Chapter 6. Restrict Operations to Buffer Bounds (Avoid Buffer Overflow)

 

An enemy will overrun the land; he will pull down your strongholds and plunder your fortresses.

 Amos 3:11 (NIV)
Table of Contents
6.1. Dangers in C/C++
6.2. Library Solutions in C/C++
6.2.1. Standard C Library Solution
6.2.2. Static and Dynamically Allocated Buffers
6.2.3. strlcpy and strlcat
6.2.4. asprintf and vasprintf
6.2.5. libmib
6.2.6. Safestr library (Messier and Viega)
6.2.7. C++ std::string class
6.2.8. Libsafe
6.2.9. Other Libraries
6.3. Compilation Solutions in C/C++
6.4. Other Languages

Programs often use memory buffers to capture input and process data. In some cases (particularly in C or C++ programs) it may be possible to perform an operation, but either read from or write to a memory location that is outside of the intended boundary of the buffer. In many cases this can lead to an extremely serious security vulnerability. This is such a common problem that it has a CWE identifier, CWE-119. Exceeding buffer bounds is a problem with a program’s internal implementation, but it’s such a common and serious problem that I’ve placed this information in its own chapter.

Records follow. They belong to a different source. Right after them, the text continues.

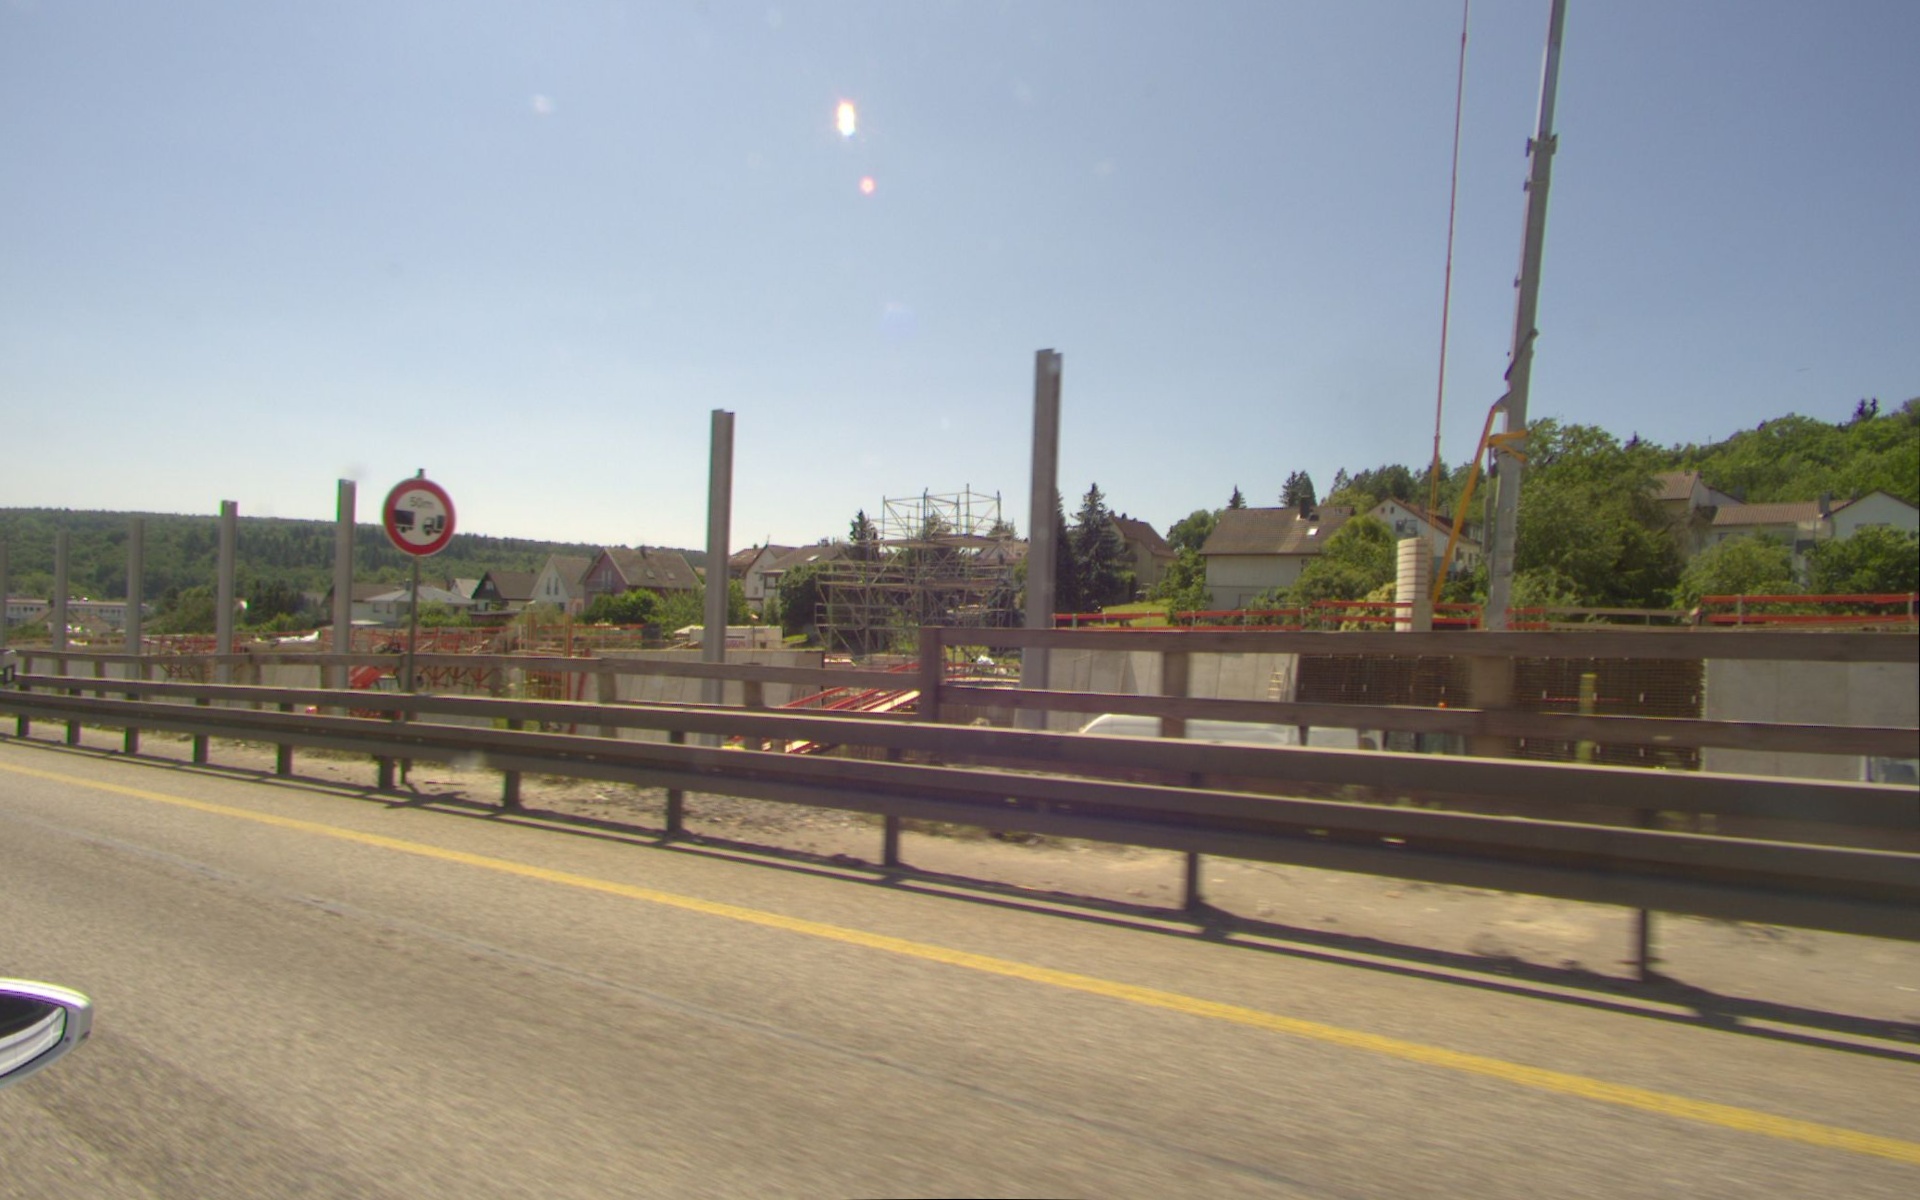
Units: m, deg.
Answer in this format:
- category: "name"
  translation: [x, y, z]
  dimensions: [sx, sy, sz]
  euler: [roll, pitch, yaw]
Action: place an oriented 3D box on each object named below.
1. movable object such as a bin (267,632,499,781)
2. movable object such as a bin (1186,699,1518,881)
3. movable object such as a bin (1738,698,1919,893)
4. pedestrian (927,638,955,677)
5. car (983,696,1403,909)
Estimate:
- category: "movable object such as a bin"
  translation: [-20.993, 3.648, 36.194]
  dimensions: [9.519, 4.803, 3.222]
  euler: [-2, -2, 32]
- category: "movable object such as a bin"
  translation: [7.251, 3.353, 18.871]
  dimensions: [5.430, 2.710, 2.138]
  euler: [-3, -2, 37]
- category: "movable object such as a bin"
  translation: [17.567, 3.720, 18.261]
  dimensions: [7.080, 2.931, 3.476]
  euler: [12, -9, -35]
- category: "pedestrian"
  translation: [-1.003, 3.052, 53.267]
  dimensions: [0.960, 2.012, 1.134]
  euler: [-2, -2, 36]
- category: "car"
  translation: [3.878, 3.277, 17.737]
  dimensions: [6.932, 2.892, 2.138]
  euler: [-3, -2, 36]
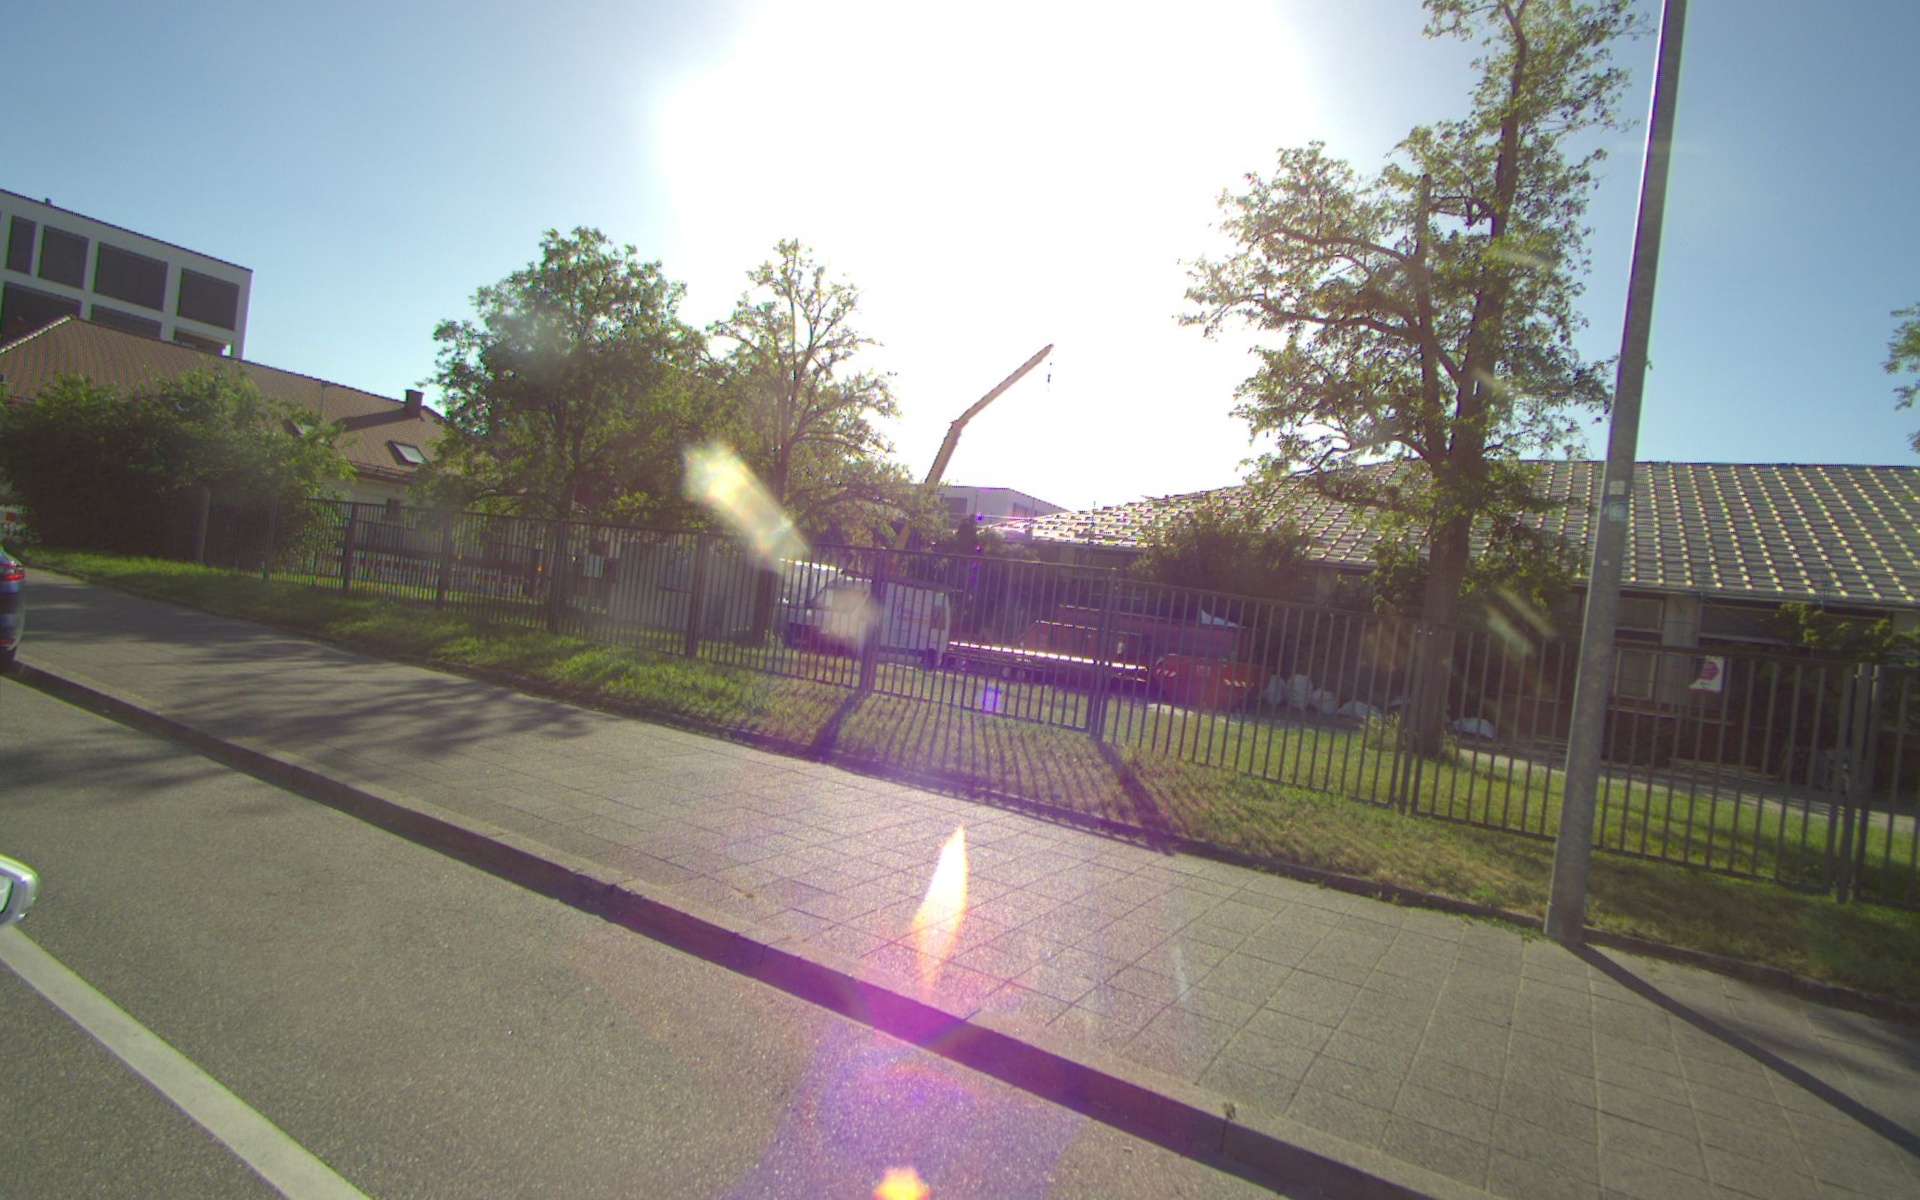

There are many variations of a failure to restrict operations to buffer bounds. A subcategory of exceeding buffer bounds is a buffer overflow. The term buffer overflow has a number of varying definitions. For our purposes, a buffer overflow occurs if a program attempts to write more data in a buffer than it can hold or write into a memory area outside the boundaries of the buffer. A particularly common situation is writing character data beyond the end of a buffer (through copying or generation). A buffer overflow can occur when reading input from the user into a buffer, but it can also occur during other kinds of processing in a program. Buffer overflows are also called buffer overruns. This subcategory is such a common problem that it has its own CWE identifier, CWE-120.

Buffer overflows are an extremely common and dangerous security flaw, and in many cases a buffer overlow can lead immediately to an attacker having complete control over the vulnerable program. To give you an idea of how important this subject is, at the CERT, 9 of 13 advisories in 1998 and at least half of the 1999 advisories involved buffer overflows. An informal 1999 survey on Bugtraq found that approximately 2/3 of the respondents felt that buffer overflows were the leading cause of system security vulnerability (the remaining respondents identified “mis-configuration” as the leading cause) [Cowan 1999]. This is an old, well-known problem, yet it continues to resurface [McGraw 2000].

Attacks that exploit a buffer overflow vulnerability are often named depending on where the buffer is, e.g., a “stack smashing” attack attacks a buffer on the stack, while a “heap smashing” attack attacks a buffer on the heap (memory that is allocated by operators such as malloc and new). More details can be found from Aleph1 [1996], Mudge [1995], LSD [2001], or the Nathan P. Smith’s Stack Smashing Security Vulnerabilities website at http://destroy.net/machines/security/. A discussion of the problem and some ways to counter them is given by Crispin Cowan et al, 2000, at http://immunix.org/StackGuard/discex00.pdf. A discussion of the problem and some ways to counter them in Linux is given by Pierre-Alain Fayolle and Vincent Glaume at http://www.enseirb.fr/~glaume/indexen.html.

Allowing attackers to read data beyond a buffer boundary can also result in vulnerabilities, and this weakness has its own identifier (CWE-125). For example, the Heartbleed vulnerability was this kind of weakness. The Heartbleed vulnerability in OpenSSL allowed attackers to extract critically-important data such as private keys, and then use them (e.g., so they could impersonate trusted sites).

Figure 6-1. A physical buffer overflow: The Montparnasse derailment of 1895

Most high-level programming languages are essentially immune to exceeding buffer boundaries, either because they automatically resize arrays (this applies to most languages such as Perl), or because they normally detect and prevent buffer overflows (e.g., Ada95). However, the C language provides no protection against such problems, and C++ can be easily used in ways to cause this problem too. Assembly language and Forth also provide no protection, and some languages that normally include such protection (e.g., C#, Ada, and Pascal) can have this protection disabled (for performance reasons). Even if most of your program is written in another language, many library routines are written in C or C++, as well as “glue” code to call them, so other languages often don’t provide as complete a protection from buffer overflows as you'd like.